3D printing material

Hello All

I notice in the printing guidelines for the stage that printing with PLA is mentioned. However, our local 3D printer uses production-grade ABS as the printing material. In your opinion, would this material provide sufficient precision for the stage?

Thank you,
-Amiel Beausoleil-Morrison

I don’t think ABS is recommended. The flexures depend on some really specific material properties, and ABS also has significant warping issues.
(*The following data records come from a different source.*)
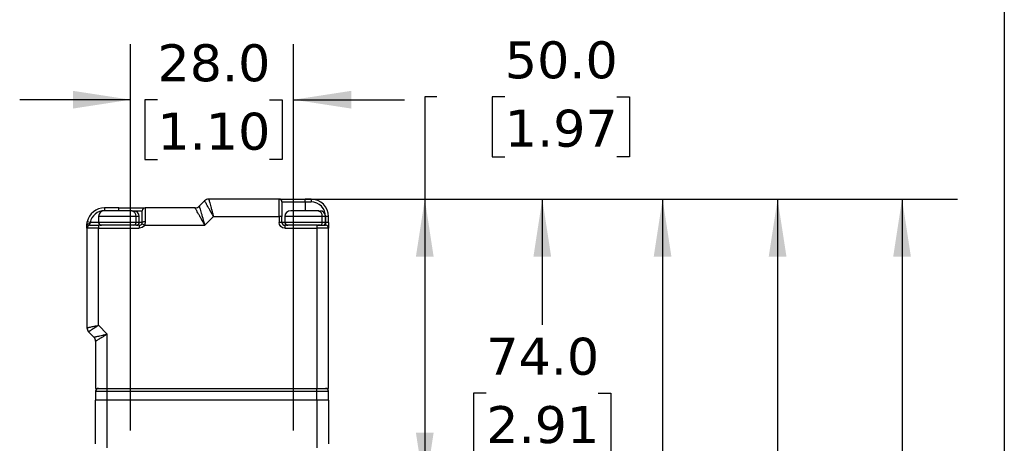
# Model space of a CAD drawing. Header units: millimetres. Extents: x 25 to 1092, y 25 to 838.
# Tile 57 of 60: x 867 to 1092, y 486 to 583. Entities that reach past the tile are written whole.
import ezdxf

# ---------------------------------------------------------------- set-up
doc = ezdxf.new("R2010")
doc.units = ezdxf.units.MM
doc.header["$LTSCALE"] = 4
doc.linetypes.add('SLD-Solid', pattern=[0])
doc.layers.add('DIMENSIONS', color=140, linetype='SLD-Solid', lineweight=25)
doc.layers.add('TEXT', color=140, linetype='SLD-Solid', lineweight=25)
doc.styles.add('SLDTEXTSTYLE0', font='VERDANA.TTF')
doc.dimstyles.new('SLDDIMSTYLE0', dxfattribs={"dimtxt": 8.632031, "dimasz": 13.208, "dimexe": 0, "dimexo": 0.0625, "dimgap": 2.158008, "dimtad": 0, "dimtih": 1, "dimtoh": 1, "dimlfac": 0.75, "dimrnd": 1e-09, "dimzin": 4, "dimdsep": 46, "dimtxsty": 'SLDTEXTSTYLE0', "dimsah": 1, "dimcen": 0.09, "dimadec": 0, "dimazin": 1, "dimtfac": 1, "dimtmove": 0, "dimatfit": 0, "dimfxl": 0, "dimfrac": 2, "dimtolj": 1, "dimtzin": 12, "dimarcsym": 0})
doc.dimstyles.new('SLDDIMSTYLE2', dxfattribs={"dimtxt": 8.632031, "dimasz": 13.208, "dimexe": 0, "dimexo": 0.0625, "dimgap": 2.158008, "dimtad": 0, "dimtih": 1, "dimtoh": 1, "dimlfac": 0.75, "dimrnd": 1e-09, "dimzin": 4, "dimdsep": 46, "dimtxsty": 'SLDTEXTSTYLE0', "dimsah": 1, "dimcen": 0.09, "dimadec": 0, "dimazin": 1, "dimtfac": 1, "dimtofl": 0, "dimtmove": 0, "dimatfit": 3, "dimfxl": 0, "dimfrac": 2, "dimtolj": 1, "dimtzin": 12, "dimarcsym": 0})

# ---------------------------------------------------------------- blocks, each defined once
blk = doc.blocks.new('_D_5')
at = {"layer": 'DIMENSIONS'}
for p, q in [((892.09, 488.92), (892.09, 577.36)), ((929.42, 488.92), (929.42, 577.36)), ((892.09, 564.66), (866.69, 564.66)), ((898.24, 564.66), (895.34, 564.66)), ((895.34, 564.66), (895.34, 550.94)), ((923.89, 564.66), (926.79, 564.66)), ((926.79, 564.66), (926.79, 550.94)), ((929.42, 564.66), (954.82, 564.66)), ((895.34, 550.94), (898.24, 550.94)), ((926.79, 550.94), (923.89, 550.94))]:
    blk.add_line(p, q, dxfattribs=at)
for points in [[(892.09, 564.66), (878.88, 566.69), (878.88, 562.63)], [(929.42, 564.66), (942.63, 562.63), (942.63, 566.69)]]:
    blk.add_solid(points, dxfattribs=at)
at = {"layer": 'DIMENSIONS', "char_height": 8.467, "attachment_point": 1, "style": 'SLDTEXTSTYLE0'}
for s, insert in [('28.0', (898.24, 577.35)), ('1.10', (898.24, 561.69))]:
    blk.add_mtext(s, dxfattribs=dict(at, insert=insert))
blk = doc.blocks.new('_D_6')
at = {"layer": 'DIMENSIONS'}
for p, q in [((962.24, 565.34), (959.47, 565.34)), ((959.47, 565.34), (959.47, 541.92)), ((977.8, 565.34), (974.9, 565.34)), ((974.9, 565.34), (974.9, 551.62)), ((1003.45, 565.34), (1006.35, 565.34)), ((1006.35, 565.34), (1006.35, 551.62)), ((974.9, 551.62), (977.8, 551.62)), ((1006.35, 551.62), (1003.45, 551.62)), ((931.17, 541.92), (972.17, 541.92)), ((959.47, 541.92), (959.47, 475.25)), ((945.75, 475.25), (972.17, 475.25))]:
    blk.add_line(p, q, dxfattribs=at)
for points in [[(959.47, 541.92), (957.43, 528.71), (961.5, 528.71)], [(959.47, 475.25), (961.5, 488.46), (957.43, 488.46)]]:
    blk.add_solid(points, dxfattribs=at)
at = {"layer": 'DIMENSIONS', "char_height": 8.467, "attachment_point": 1, "style": 'SLDTEXTSTYLE0'}
for s, insert in [('50.0', (977.8, 578.03)), ('1.97', (977.8, 562.38))]:
    blk.add_mtext(s, dxfattribs=dict(at, insert=insert))
blk = doc.blocks.new('_D_7')
at = {"layer": 'DIMENSIONS'}
for p, q in [((931.17, 541.92), (999.08, 541.92)), ((986.38, 541.92), (986.38, 513.15)), ((973.55, 497.49), (970.66, 497.49)), ((970.66, 497.49), (970.66, 483.78)), ((999.21, 497.49), (1002.1, 497.49)), ((1002.1, 497.49), (1002.1, 483.78)), ((970.66, 483.78), (973.55, 483.78)), ((1002.1, 483.78), (999.21, 483.78)), ((986.38, 443.25), (986.38, 481.84)), ((948.55, 443.25), (999.08, 443.25))]:
    blk.add_line(p, q, dxfattribs=at)
for points in [[(986.38, 541.92), (984.35, 528.71), (988.41, 528.71)], [(986.38, 443.25), (988.41, 456.46), (984.35, 456.46)]]:
    blk.add_solid(points, dxfattribs=at)
at = {"layer": 'DIMENSIONS', "char_height": 8.467, "attachment_point": 1, "style": 'SLDTEXTSTYLE0'}
for s, insert in [('74.0', (973.55, 510.18)), ('2.91', (973.55, 494.53))]:
    blk.add_mtext(s, dxfattribs=dict(at, insert=insert))
blk = doc.blocks.new('_D_8')
at = {"layer": 'DIMENSIONS'}
for p, q in [((931.17, 541.92), (1052.97, 541.92)), ((1040.27, 541.92), (1040.27, 448.21)), ((1027.45, 432.56), (1024.55, 432.56)), ((1024.55, 432.56), (1024.55, 418.84)), ((1053.1, 432.56), (1056, 432.56)), ((1056, 432.56), (1056, 418.84)), ((1024.55, 418.84), (1027.45, 418.84)), ((1056, 418.84), (1053.1, 418.84)), ((1040.27, 367.25), (1040.27, 416.91)), ((948.55, 367.25), (1052.97, 367.25))]:
    blk.add_line(p, q, dxfattribs=at)
for points in [[(1040.27, 541.92), (1038.24, 528.71), (1042.31, 528.71)], [(1040.27, 367.25), (1042.31, 380.46), (1038.24, 380.46)]]:
    blk.add_solid(points, dxfattribs=at)
at = {"layer": 'DIMENSIONS', "char_height": 8.467, "attachment_point": 1, "style": 'SLDTEXTSTYLE0'}
for s, insert in [('131.0', (1023.86, 445.25)), ('5.16', (1027.45, 429.59))]:
    blk.add_mtext(s, dxfattribs=dict(at, insert=insert))
blk = doc.blocks.new('_D_9')
at = {"layer": 'DIMENSIONS'}
for p, q in [((931.17, 541.92), (1026.63, 541.92)), ((1013.93, 541.92), (1013.93, 481.42)), ((1001.11, 465.77), (998.21, 465.77)), ((998.21, 465.77), (998.21, 452.05)), ((1026.76, 465.77), (1029.66, 465.77)), ((1029.66, 465.77), (1029.66, 452.05)), ((998.21, 452.05), (1001.11, 452.05)), ((1029.66, 452.05), (1026.76, 452.05)), ((1013.93, 399.25), (1013.93, 450.12)), ((942.95, 399.25), (1026.63, 399.25))]:
    blk.add_line(p, q, dxfattribs=at)
for points in [[(1013.93, 541.92), (1011.9, 528.71), (1015.96, 528.71)], [(1013.93, 399.25), (1015.96, 412.46), (1011.9, 412.46)]]:
    blk.add_solid(points, dxfattribs=at)
at = {"layer": 'DIMENSIONS', "char_height": 8.467, "attachment_point": 1, "style": 'SLDTEXTSTYLE0'}
for s, insert in [('107.0', (997.52, 478.46)), ('4.21', (1001.11, 462.81))]:
    blk.add_mtext(s, dxfattribs=dict(at, insert=insert))
blk = doc.blocks.new('_D_10')
at = {"layer": 'DIMENSIONS'}
for p, q in [((931.17, 541.92), (1081.48, 541.92)), ((1068.78, 541.92), (1068.78, 410.55)), ((1055.95, 394.9), (1053.05, 394.9)), ((1053.05, 394.9), (1053.05, 381.18)), ((1081.6, 394.9), (1084.5, 394.9)), ((1084.5, 394.9), (1084.5, 381.18)), ((1053.05, 381.18), (1055.95, 381.18)), ((1084.5, 381.18), (1081.6, 381.18)), ((1068.78, 323.3), (1068.78, 379.25)), ((928.5, 323.3), (1081.48, 323.3))]:
    blk.add_line(p, q, dxfattribs=at)
for points in [[(1068.78, 541.92), (1066.75, 528.71), (1070.81, 528.71)], [(1068.78, 323.3), (1070.81, 336.5), (1066.75, 336.5)]]:
    blk.add_solid(points, dxfattribs=at)
at = {"layer": 'DIMENSIONS', "char_height": 8.467, "attachment_point": 1, "style": 'SLDTEXTSTYLE0'}
for s, insert in [('164.0', (1052.36, 407.59)), ('6.46', (1055.95, 391.94))]:
    blk.add_mtext(s, dxfattribs=dict(at, insert=insert))

msp = doc.modelspace()

# ---------------------------------------------------------------- linework, layer by layer
for p, q in [((909.028, 541.525), (907.809, 540.306)), ((926.085, 541.915), (909.971, 541.915)), ((926.085, 537.915), (926.085, 541.915)), ((926.752, 541.249), (932.085, 541.249)), ((932.085, 541.249), (932.085, 541.915)), ((933.419, 541.915), (932.085, 541.915)), ((932.085, 541.249), (933.419, 541.249)), ((932.085, 541.249), (932.085, 539.249)), ((933.419, 541.915), (933.419, 541.249)), ((886.085, 539.915), (886.085, 539.249)), ((889.419, 539.915), (886.085, 539.915)), ((889.419, 539.249), (889.419, 539.915)), ((892.55, 539.249), (892.209, 539.249)), ((892.858, 539.249), (894.752, 539.249)), ((906.866, 539.915), (895.419, 539.915)), ((895.419, 539.915), (895.419, 536.715)), ((935.217, 539.249), (934.876, 539.249)), ((884.752, 537.915), (884.752, 536.582)), ((893.326, 537.915), (884.752, 537.915)), ((893.326, 536.582), (893.326, 537.915)), ((894.085, 537.915), (893.326, 537.915)), ((894.085, 536.582), (894.085, 537.915)), ((909.076, 535.915), (911.076, 537.915)), ((911.076, 537.915), (926.085, 537.915)), ((926.085, 537.915), (926.085, 536.582)), ((926.752, 537.915), (926.085, 537.915)), ((926.752, 536.582), (926.752, 537.915)), ((927.419, 537.915), (927.419, 536.582)), ((935.992, 537.915), (927.419, 537.915)), ((935.992, 536.582), (935.992, 537.915)), ((936.752, 537.915), (935.992, 537.915)), ((936.752, 536.582), (936.752, 537.915)), ((936.752, 537.915), (936.752, 536.582)), ((937.419, 537.915), (936.752, 537.915)), ((937.419, 536.582), (937.419, 537.915)), ((882.085, 535.249), (882.085, 512.468)), ((884.752, 535.249), (882.085, 535.249)), ((882.819, 536.582), (882.166, 536.715)), ((882.752, 535.915), (882.752, 536.249)), ((884.752, 536.582), (882.819, 536.582)), ((893.326, 536.582), (884.752, 536.582)), ((894.085, 535.915), (884.752, 535.915)), ((884.752, 535.915), (884.752, 535.249)), ((884.752, 513.02), (884.752, 535.249)), ((884.752, 535.249), (894.085, 535.249)), ((894.085, 536.582), (893.326, 536.582)), ((894.752, 536.582), (894.085, 536.582)), ((894.085, 535.915), (894.085, 535.249)), ((895.24, 535.915), (894.663, 536.249)), ((895.24, 535.915), (909.076, 535.915)), ((926.752, 536.582), (926.085, 536.582)), ((927.419, 536.582), (926.752, 536.582)), ((935.992, 536.582), (927.419, 536.582)), ((927.419, 535.915), (927.419, 535.249)), ((934.752, 535.915), (927.419, 535.915)), ((927.419, 535.249), (934.752, 535.249)), ((934.752, 535.915), (934.752, 535.249)), ((934.752, 535.249), (934.752, 498.582)), ((937.419, 535.249), (934.752, 535.249)), ((935.434, 535.915), (934.906, 535.915)), ((936.752, 536.582), (935.992, 536.582)), ((936.752, 536.582), (936.752, 535.915)), ((937.419, 536.582), (936.752, 536.582)), ((937.419, 498.582), (937.419, 535.249)), ((886.752, 511.02), (884.752, 513.02)), ((882.476, 511.525), (883.695, 510.306)), ((886.752, 498.582), (886.752, 511.02)), ((884.085, 509.363), (884.085, 498.582)), ((884.085, 498.582), (886.752, 498.582)), ((886.752, 497.915), (886.752, 498.582)), ((886.752, 498.582), (934.752, 498.582)), ((934.752, 497.915), (934.752, 498.582)), ((934.752, 498.582), (937.419, 498.582)), ((884.085, 497.915), (886.752, 497.915)), ((884.085, 497.915), (884.085, 495.915)), ((886.752, 495.915), (886.752, 497.915)), ((886.752, 497.915), (934.752, 497.915)), ((934.752, 497.915), (937.419, 497.915)), ((934.752, 495.915), (934.752, 497.915)), ((937.419, 495.915), (937.419, 497.915)), ((886.752, 495.915), (884.085, 495.915)), ((886.752, 484.963), (886.752, 495.915)), ((934.752, 495.915), (886.752, 495.915)), ((934.752, 495.915), (934.752, 484.963)), ((937.419, 495.915), (934.752, 495.915))]:
    msp.add_line(p, q)
at = {"flags": 128}
msp.add_lwpolyline([(882.752, 536.249), (882.622, 536.242), (882.497, 536.223), (882.382, 536.192), (882.281, 536.151), (882.198, 536.1), (882.136, 536.043), (882.098, 535.98), (882.085, 535.915)], dxfattribs=at)
for centre, radius, start, end in [((909.971, 540.582), 1.333, 90, 135), ((926.085, 541.249), 0.667, 0, 90), ((933.419, 537.915), 4, 0, 90), ((886.085, 535.915), 4, 90, 168.46304), ((886.085, 537.915), 1.333, 90, 180), ((892.09, 538.015), 1.239, 355.38511, 84.48495), ((892.752, 537.915), 1.333, 0, 90), ((895.419, 539.249), 0.667, 90, 180), ((906.866, 541.249), 1.333, 270, 315), ((928.752, 537.915), 1.333, 90, 180), ((934.757, 538.015), 1.239, 355.38511, 84.48495), ((935.419, 537.915), 1.333, 0, 90), ((895.259, 535.782), 0.947, 80.27242, 122.34744), ((882.752, 535.249), 0.667, 90, 180), ((885.419, 536.582), 0.667, 180, 270), ((892.708, 536.532), 0.62, 275.51505, 4.61489), ((893.419, 536.582), 0.667, 270, 0), ((894.085, 536.582), 0.667, 270, 330), ((927.419, 536.582), 0.667, 180, 270), ((928.085, 536.582), 0.667, 180, 270), ((935.375, 536.532), 0.62, 275.51505, 4.61489), ((936.085, 536.582), 0.667, 270, 0), ((936.752, 535.249), 0.667, 0, 90), ((883.419, 512.468), 1.333, 180, 225), ((882.752, 509.363), 1.333, 0, 45), ((884.752, 497.915), 0.667, 90, 180), ((936.752, 497.915), 0.667, 0, 90)]:
    msp.add_arc(centre, radius, start, end)
for points, knots in [([(911.076, 537.915), (911.034, 537.988), (910.954, 538.13), (910.838, 538.334), (910.73, 538.523), (910.632, 538.697), (910.542, 538.855), (910.461, 538.998), (910.389, 539.126), (910.207, 539.447), (909.938, 539.92), (909.612, 540.496), (909.351, 540.955), (909.192, 541.235), (909.106, 541.387), (909.061, 541.466), (909.033, 541.516), (909.03, 541.522), (909.028, 541.525)], [0, 0, 0, 0, 0.0393974, 0.0762596, 0.1105867, 0.1423786, 0.1716352, 0.1983567, 0.2225431, 0.2441946, 0.3822507, 0.5058956, 0.6382125, 0.7638875, 0.8235791, 0.8828032, 0.9415974, 1, 1, 1, 1]), ([(909.971, 541.915), (909.971, 541.914), (909.972, 541.912), (909.977, 541.894), (909.985, 541.866), (909.996, 541.826), (910.01, 541.774), (910.028, 541.711), (910.066, 541.57), (910.146, 541.284), (910.286, 540.775), (910.463, 540.137), (910.619, 539.568), (910.748, 539.102), (910.841, 538.767), (910.952, 538.365), (911.032, 538.072), (911.076, 537.915)], [0, 0, 0, 0, 0.033334, 0.0667913, 0.1003791, 0.1341046, 0.1679747, 0.2019966, 0.236177, 0.3618437, 0.4941706, 0.6178073, 0.7558734, 0.8017001, 0.8576649, 0.9237658, 1, 1, 1, 1]), ([(886.085, 539.249), (885.317, 539.249), (884.572, 538.983), (883.382, 538.011), (882.973, 537.335), (882.819, 536.582)], [0, 0, 0, 0, 0.5, 0.5, 1, 1, 1, 1]), ([(892.209, 539.249), (891.943, 539.249), (891.531, 539.249), (890.758, 539.249), (890.108, 539.249), (889.427, 539.249), (888.557, 539.249), (887.551, 539.249), (886.773, 539.249), (886.338, 539.249), (886.145, 539.249), (886.062, 539.249), (886.085, 539.249), (886.086, 539.249)], [0, 0, 0, 0, 0.1467299, 0.2265221, 0.3063983, 0.3861907, 0.4660669, 0.6127967, 0.7595266, 0.8393189, 0.9191951, 0.9989874, 1, 1, 1, 1]), ([(894.752, 536.582), (894.752, 537.335), (894.752, 538.011), (894.752, 538.983), (894.752, 539.249), (894.752, 539.249)], [0, 0, 0, 0, 0.5, 0.5, 1, 1, 1, 1]), ([(909.076, 535.915), (909.031, 535.996), (908.945, 536.153), (908.82, 536.379), (908.704, 536.589), (908.598, 536.782), (908.501, 536.957), (908.413, 537.116), (908.335, 537.257), (908.139, 537.61), (907.853, 538.131), (907.499, 538.769), (907.218, 539.28), (907.044, 539.593), (906.951, 539.763), (906.902, 539.85), (906.872, 539.905), (906.868, 539.912), (906.866, 539.915)], [0, 0, 0, 0, 0.0412017, 0.0797206, 0.1155567, 0.1487101, 0.1791811, 0.2069699, 0.2320772, 0.2545034, 0.3962988, 0.5212127, 0.652328, 0.7745293, 0.8319077, 0.8885182, 0.9445008, 1, 1, 1, 1]), ([(907.809, 540.306), (907.81, 540.305), (907.81, 540.302), (907.816, 540.283), (907.825, 540.251), (907.838, 540.207), (907.854, 540.15), (907.874, 540.081), (907.919, 539.925), (908.01, 539.608), (908.172, 539.048), (908.373, 538.347), (908.554, 537.727), (908.7, 537.217), (908.805, 536.849), (908.933, 536.408), (909.026, 536.087), (909.076, 535.915)], [0, 0, 0, 0, 0.0316712, 0.0634803, 0.0954547, 0.1276216, 0.1600074, 0.1926383, 0.2255396, 0.3477315, 0.4788534, 0.6037576, 0.7455599, 0.7930824, 0.8513294, 0.9203023, 1, 1, 1, 1]), ([(934.876, 539.249), (934.609, 539.249), (934.197, 539.249), (933.425, 539.249), (932.775, 539.249), (932.094, 539.249), (931.224, 539.249), (930.218, 539.249), (929.439, 539.249), (929.004, 539.249), (928.812, 539.249), (928.729, 539.249), (928.752, 539.249), (928.752, 539.249)], [0, 0, 0, 0, 0.1467299, 0.2265221, 0.3063983, 0.3861907, 0.4660669, 0.6127967, 0.7595266, 0.8393189, 0.9191951, 0.9989874, 1, 1, 1, 1]), ([(882.085, 535.915), (882.086, 535.957), (882.087, 536.04), (882.093, 536.169), (882.103, 536.302), (882.119, 536.437), (882.139, 536.576), (882.157, 536.668), (882.166, 536.715)], [0, 0, 0, 0, 0.16451918, 0.32861577, 0.493263, 0.65942442, 0.82803759, 1, 1, 1, 1]), ([(882.752, 535.915), (882.753, 535.915), (882.755, 535.915), (882.773, 535.915), (882.801, 535.915), (882.84, 535.915), (882.919, 535.915), (883.068, 535.915), (883.328, 535.915), (883.646, 535.915), (883.964, 535.915), (884.253, 535.915), (884.501, 535.915), (884.668, 535.915), (884.752, 535.915)], [0, 0, 0, 0, 0.0482774, 0.0961591, 0.1439201, 0.1918374, 0.2401856, 0.370003, 0.5000481, 0.6298656, 0.7599108, 0.8401054, 0.919707, 1, 1, 1, 1]), ([(895.419, 536.715), (895.418, 536.668), (895.416, 536.576), (895.401, 536.437), (895.376, 536.302), (895.341, 536.169), (895.297, 536.04), (895.259, 535.957), (895.24, 535.915)], [0, 0, 0, 0, 0.1719624, 0.3405756, 0.506737, 0.6713842, 0.8354808, 1, 1, 1, 1]), ([(882.085, 512.468), (882.087, 512.468), (882.089, 512.468), (882.108, 512.472), (882.14, 512.479), (882.184, 512.489), (882.242, 512.501), (882.313, 512.515), (882.397, 512.533), (882.495, 512.553), (882.606, 512.575), (882.729, 512.601), (882.937, 512.644), (883.271, 512.713), (883.671, 512.796), (884.04, 512.873), (884.368, 512.94), (884.616, 512.992), (884.752, 513.02)], [0, 0, 0, 0, 0.04275957, 0.08597666, 0.12966021, 0.17381889, 0.21846109, 0.26359492, 0.30922825, 0.35536867, 0.40202353, 0.44919995, 0.49690481, 0.62030697, 0.75772679, 0.82065718, 0.90141936, 1, 1, 1, 1]), ([(884.752, 513.02), (884.7, 512.985), (884.599, 512.919), (884.454, 512.824), (884.321, 512.737), (884.202, 512.658), (884.095, 512.588), (884, 512.526), (883.789, 512.388), (883.488, 512.189), (883.166, 511.978), (882.934, 511.825), (882.766, 511.714), (882.635, 511.628), (882.543, 511.568), (882.486, 511.531), (882.479, 511.527), (882.476, 511.525)], [0, 0, 0, 0, 0.0444678, 0.085658, 0.1235703, 0.1582047, 0.1895609, 0.2176391, 0.2424392, 0.3798616, 0.5032923, 0.5903063, 0.6755668, 0.759118, 0.8410068, 0.9212832, 1, 1, 1, 1]), ([(883.695, 510.306), (883.696, 510.306), (883.698, 510.307), (883.717, 510.311), (883.747, 510.318), (883.788, 510.328), (883.842, 510.34), (883.956, 510.367), (884.182, 510.419), (884.572, 510.511), (885.06, 510.624), (885.516, 510.732), (885.937, 510.829), (886.313, 510.917), (886.596, 510.983), (886.752, 511.02)], [0, 0, 0, 0, 0.03635068, 0.07290382, 0.10971344, 0.14683243, 0.18431239, 0.22220343, 0.34333646, 0.47412574, 0.5994551, 0.74243787, 0.80891588, 0.89477114, 1, 1, 1, 1]), ([(886.752, 511.02), (886.691, 510.982), (886.573, 510.908), (886.403, 510.803), (886.247, 510.707), (886.107, 510.62), (885.982, 510.542), (885.871, 510.473), (885.627, 510.32), (885.276, 510.103), (884.851, 509.838), (884.51, 509.627), (884.287, 509.488), (884.163, 509.411), (884.098, 509.371), (884.089, 509.365), (884.085, 509.363)], [0, 0, 0, 0, 0.0474974, 0.0914324, 0.1318052, 0.168616, 0.2018654, 0.2315539, 0.2576827, 0.4006582, 0.5260043, 0.6567864, 0.7779355, 0.8532556, 0.9271378, 1, 1, 1, 1]), ([(937.419, 486.174), (937.419, 486.174), (937.419, 486.174), (937.419, 486.174), (937.419, 486.173), (937.419, 486.165), (937.419, 486.142), (937.419, 486.119), (937.419, 486.104)], [0, 0, 0, 0, 0.00028914, 0.00248605, 0.00654773, 0.04188041, 0.34268618, 1, 1, 1, 1])]:
    msp.add_open_spline(points, degree=3, knots=knots)
for points in [[(926.085, 541.915), (926.085, 541.915), (928.774, 541.915), (932.085, 541.915)], [(926.752, 541.249), (926.752, 541.249), (926.752, 539.755), (926.752, 537.915)], [(936.752, 537.915), (936.752, 539.755), (935.258, 541.249), (933.419, 541.249)], [(889.419, 539.915), (892.73, 539.915), (895.419, 539.915), (895.419, 539.915)], [(882.085, 535.249), (882.085, 535.249), (882.085, 535.503), (882.085, 535.915)], [(882.819, 536.582), (882.772, 536.467), (882.752, 536.35), (882.752, 536.249)], [(895.24, 535.915), (895.002, 535.503), (894.562, 535.249), (894.085, 535.249)], [(894.663, 536.249), (894.721, 536.35), (894.752, 536.467), (894.752, 536.582)], [(927.419, 535.249), (926.683, 535.249), (926.085, 535.846), (926.085, 536.582)], [(934.752, 535.915), (935.856, 535.915), (936.752, 535.915), (936.752, 535.915)], [(937.419, 536.582), (937.419, 535.846), (937.419, 535.249), (937.419, 535.249)], [(884.752, 498.582), (884.752, 498.582), (885.648, 498.582), (886.752, 498.582)], [(934.752, 498.582), (935.856, 498.582), (936.752, 498.582), (936.752, 498.582)], [(884.085, 485.915), (884.085, 489.108), (884.085, 492.497), (884.085, 495.915)], [(937.419, 495.915), (937.419, 492.497), (937.419, 489.108), (937.419, 485.915)]]:
    msp.add_open_spline(points, degree=3)
at = {"layer": 'TEXT'}
msp.add_line((1092.2, 838.2), (1092.2, 25.4), dxfattribs=at)

# ---------------------------------------------------------------- dimensions: what is measured, and where the dimension line sits
at = {"layer": 'DIMENSIONS'}
dim = msp.add_linear_dim(base=(929.419, 564.659), p1=(892.085, 483.835), p2=(929.419, 483.835), dimstyle='SLDDIMSTYLE0', dxfattribs=at)
dim.commit()
dim.dimension.update_dxf_attribs({"geometry": '_D_5', "text_midpoint": (911.065, 564.659), "dimtype": 160})
for base, p1, p2, picture, middle in [((959.465, 475.249), (926.085, 541.915), (940.672, 475.249), '_D_6', (959.465, 565.342)), ((1068.778, 541.915), (923.419, 323.296), (926.085, 541.915), '_D_10', (1068.778, 394.901)), ((986.38, 443.249), (926.085, 541.915), (943.472, 443.249), '_D_7', (986.38, 497.494)), ((1040.274, 367.249), (926.085, 541.915), (943.472, 367.249), '_D_8', (1040.274, 432.56)), ((1013.931, 399.249), (926.085, 541.915), (937.872, 399.249), '_D_9', (1013.931, 465.771))]:
    dim = msp.add_linear_dim(base=base, p1=p1, p2=p2, angle=90, dimstyle='SLDDIMSTYLE2', dxfattribs=at)
    dim.commit()
    dim.dimension.update_dxf_attribs({"geometry": picture, "text_midpoint": middle, "dimtype": 160})

doc.saveas('drawing.dxf')

PLA is the most common material for 3D printing and works well. If you want to try prints from your printer, the leg test from test your printer will tell you a lot. Does it print without warping? do the bridges work? does it flex side to side as required?
The other small-ish part that you could test is the upright z-actuator from the upright version of the microscope. This is a complete actuator and basically contains all of the difficult printing processes. You could even assemble it with the knob or gear and hardware to test whether it is too stiff and how it holds up to repeated movement.

The main reason we don’t recommend ABS is that it’s harder to print with: I have no reason to believe that an ABS microscope wouldn’t work well, it’s just that PLA works nicely and prints much more reliably, so I have always stuck with that. If you are happy taking the slight risk that it won’t work as well, by all means do get one printed in ABS. I would be very interested to hear how you get on!

At some point, a community comparison of different print materials could be a really interesting thing to do, perhaps as William says using a relevant test object, like the leg.